• _Listed entries_:
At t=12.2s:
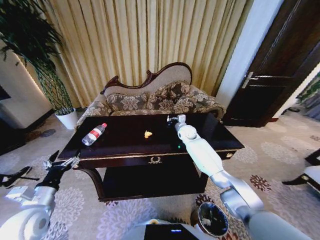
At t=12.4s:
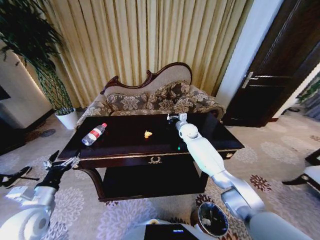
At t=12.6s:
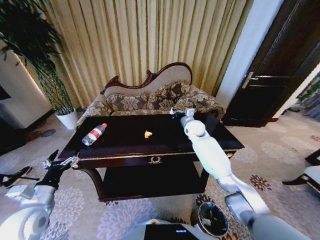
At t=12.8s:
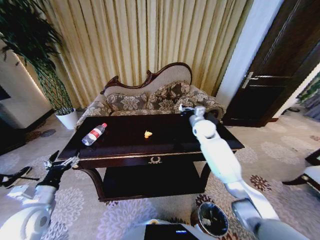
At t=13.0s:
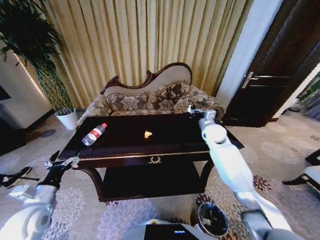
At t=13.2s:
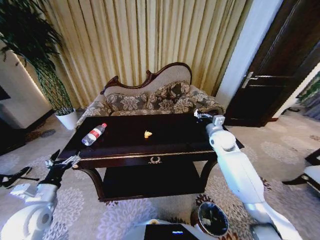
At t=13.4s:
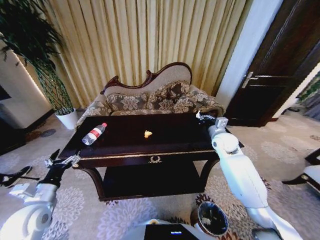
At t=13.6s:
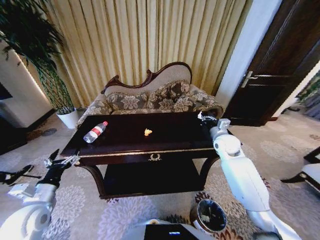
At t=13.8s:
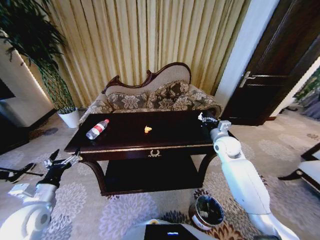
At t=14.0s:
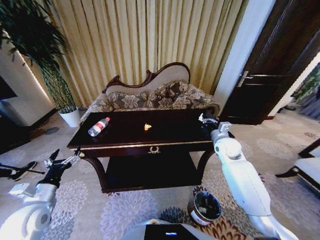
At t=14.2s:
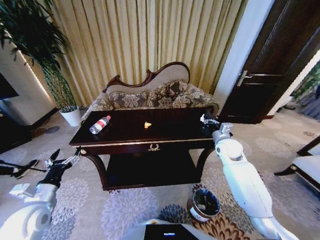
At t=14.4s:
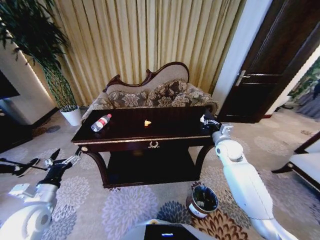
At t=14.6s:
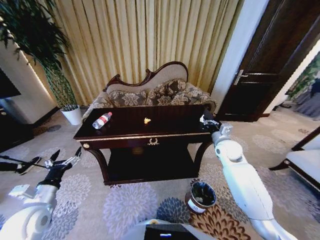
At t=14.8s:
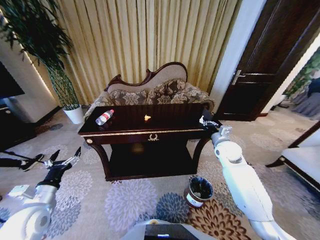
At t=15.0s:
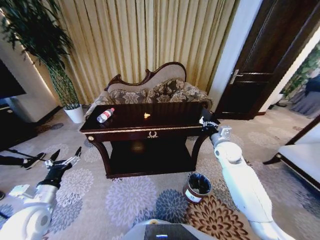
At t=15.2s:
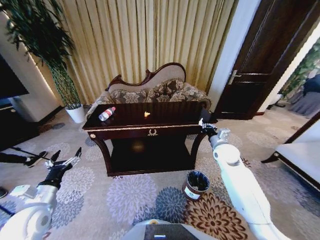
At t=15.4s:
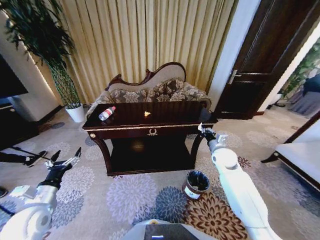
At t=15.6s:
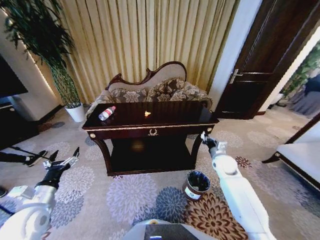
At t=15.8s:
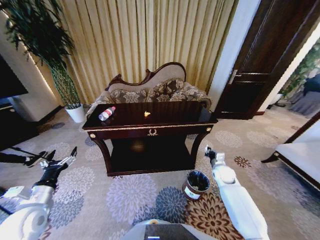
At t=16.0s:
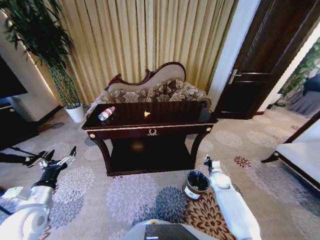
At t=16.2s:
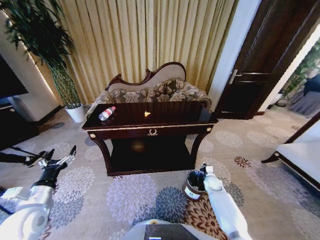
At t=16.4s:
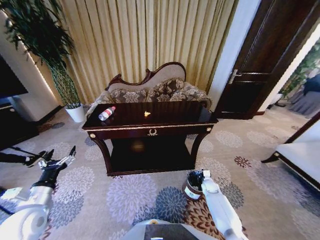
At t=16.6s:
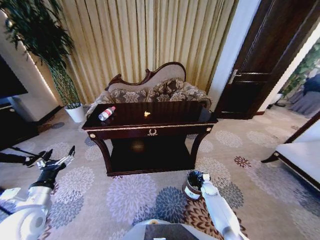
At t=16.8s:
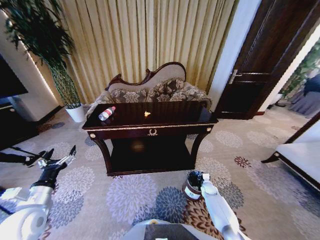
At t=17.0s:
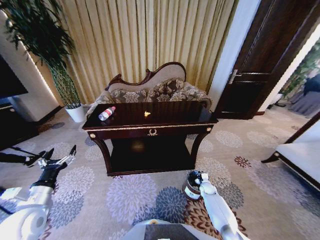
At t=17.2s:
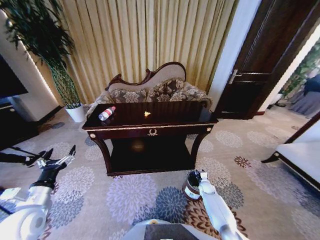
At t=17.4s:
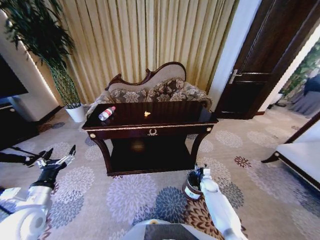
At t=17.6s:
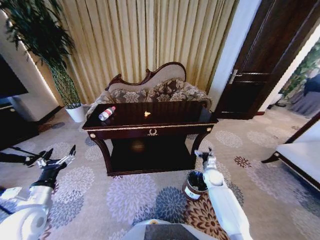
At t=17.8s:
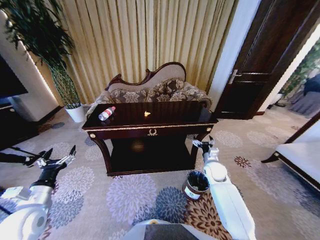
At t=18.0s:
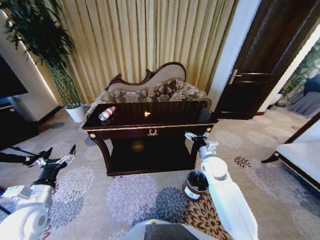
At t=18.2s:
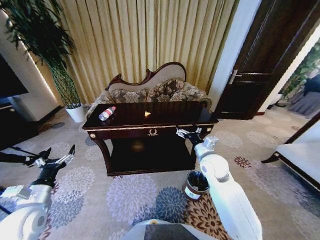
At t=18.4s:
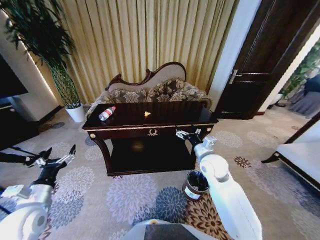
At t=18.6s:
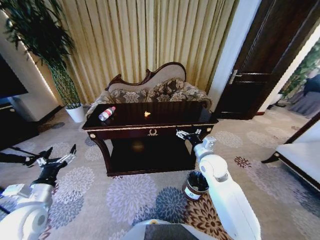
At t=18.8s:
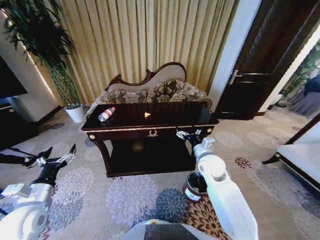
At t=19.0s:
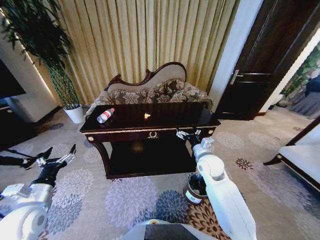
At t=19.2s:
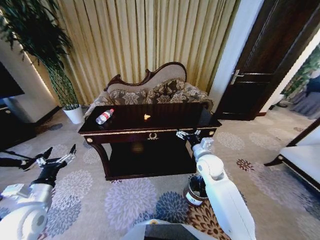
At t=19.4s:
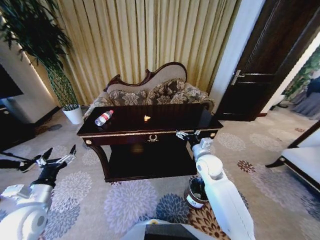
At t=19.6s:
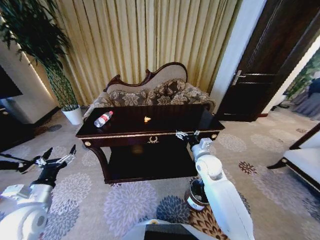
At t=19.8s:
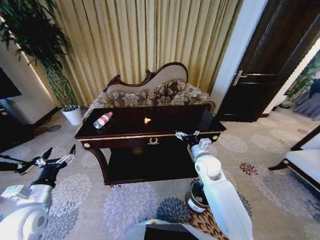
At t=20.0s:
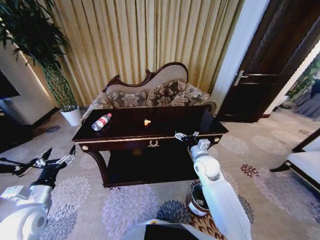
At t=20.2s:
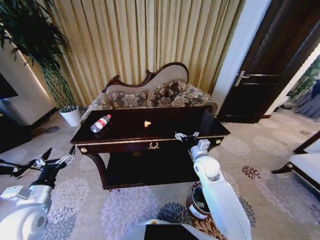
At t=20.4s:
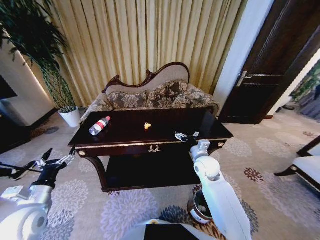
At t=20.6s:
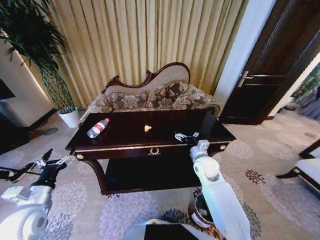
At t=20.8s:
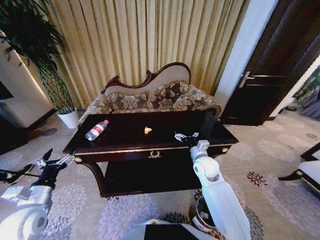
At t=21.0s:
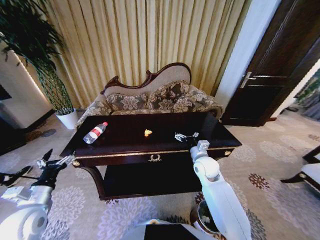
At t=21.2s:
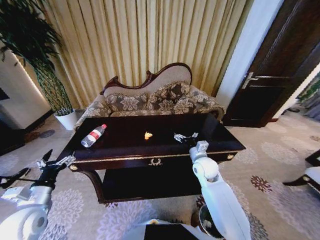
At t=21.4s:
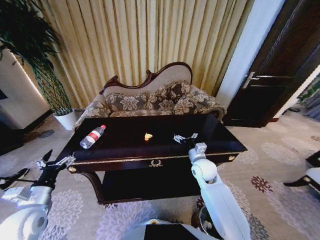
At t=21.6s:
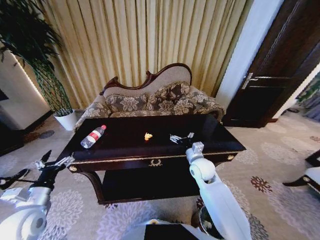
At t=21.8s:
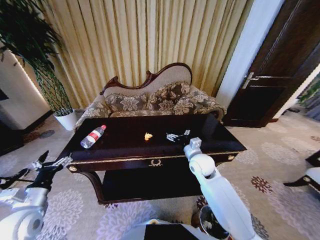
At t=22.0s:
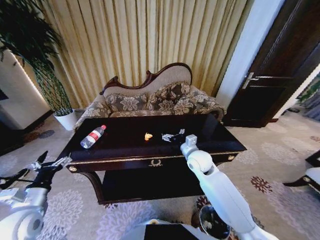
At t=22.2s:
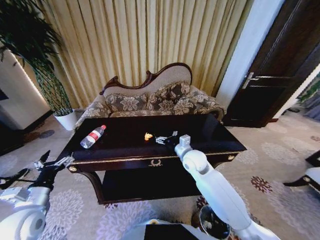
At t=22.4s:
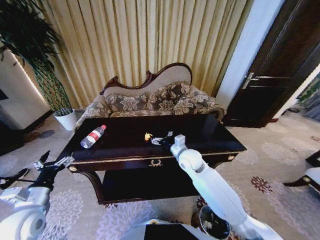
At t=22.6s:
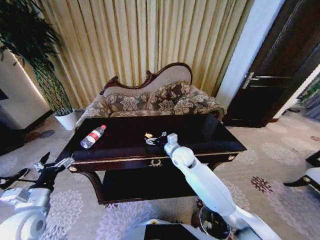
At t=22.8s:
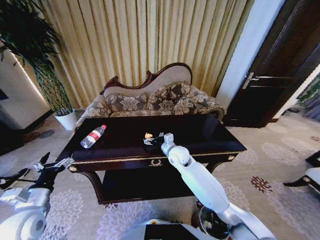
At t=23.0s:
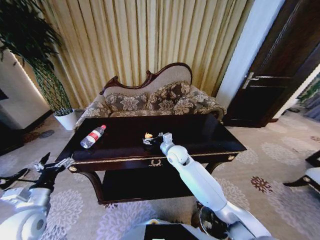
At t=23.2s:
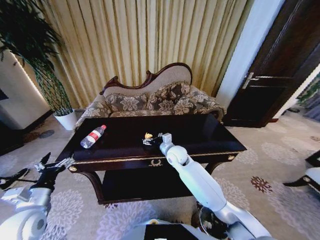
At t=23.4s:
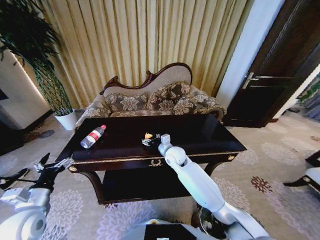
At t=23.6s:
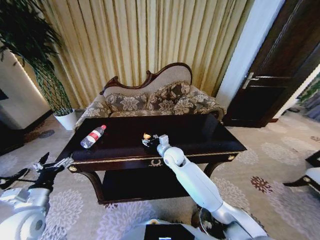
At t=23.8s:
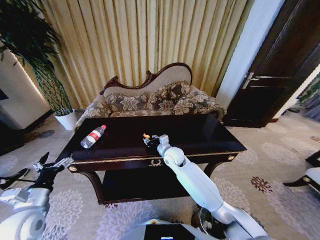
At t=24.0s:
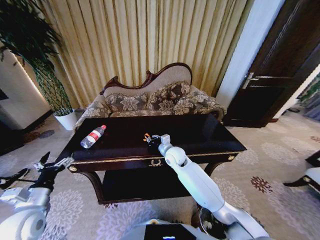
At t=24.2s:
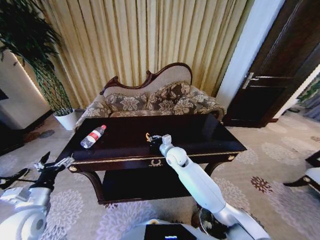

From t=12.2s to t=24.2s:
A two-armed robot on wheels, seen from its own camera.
Task of the whole recording: Move to the front of the table and place the trash on the table into the trash bin.
From t=12.2s to t=13.8s: The right gripper travels backward and to the right by about 20 cm.
From t=15.2s to t=16.6s: The right gripper heads downward, covering some 35 cm.
From t=16.6s to t=18.2s: The right gripper moves upward, about 35 cm, and opens.
From t=21.2s to t=22.6s: The right gripper is displaced to the left by approximately 10 cm.
From t=22.6s to t=24.2s: The right gripper closes up.

• _Instructions to follow_: None of the pictures should appear; copy the rest of the material above exactly.

• _Output for this task_:
At t=12.2s:
At t=12.4s:
At t=12.6s:
At t=12.8s:
At t=13.0s:
At t=13.2s:
At t=13.4s:
At t=13.6s:
At t=13.8s:
At t=14.0s:
At t=14.2s:
At t=14.4s:
At t=14.6s:
At t=14.8s:
At t=15.0s:
At t=15.2s:
At t=15.4s:
At t=15.6s:
At t=15.8s:
At t=16.0s:
At t=16.2s:
At t=16.4s:
At t=16.6s:
At t=16.8s:
At t=17.0s:
At t=17.2s:
At t=17.4s:
At t=17.6s:
At t=17.8s:
At t=18.0s:
At t=18.2s:
At t=18.4s:
At t=18.6s:
At t=18.8s:
At t=19.0s:
At t=19.2s:
At t=19.4s:
At t=19.6s:
At t=19.8s:
At t=20.0s:
At t=20.2s:
At t=20.4s:
At t=20.6s:
At t=20.8s:
At t=21.0s:
At t=21.2s:
At t=21.4s:
At t=21.6s:
At t=21.8s:
At t=22.0s:
At t=22.2s:
At t=22.4s:
At t=22.6s:
At t=22.8s:
At t=23.0s:
At t=23.2s:
At t=23.4s:
At t=23.6s:
At t=23.8s:
At t=24.0s:
At t=24.2s:

From t=12.2s to t=24.2s:
A two-armed robot on wheels, seen from its own camera.
Task of the whole recording: Move to the front of the table and place the trash on the table into the trash bin.
From t=12.2s to t=13.8s: The right gripper travels backward and to the right by about 20 cm.
From t=15.2s to t=16.6s: The right gripper heads downward, covering some 35 cm.
From t=16.6s to t=18.2s: The right gripper moves upward, about 35 cm, and opens.
From t=21.2s to t=22.6s: The right gripper is displaced to the left by approximately 10 cm.
From t=22.6s to t=24.2s: The right gripper closes up.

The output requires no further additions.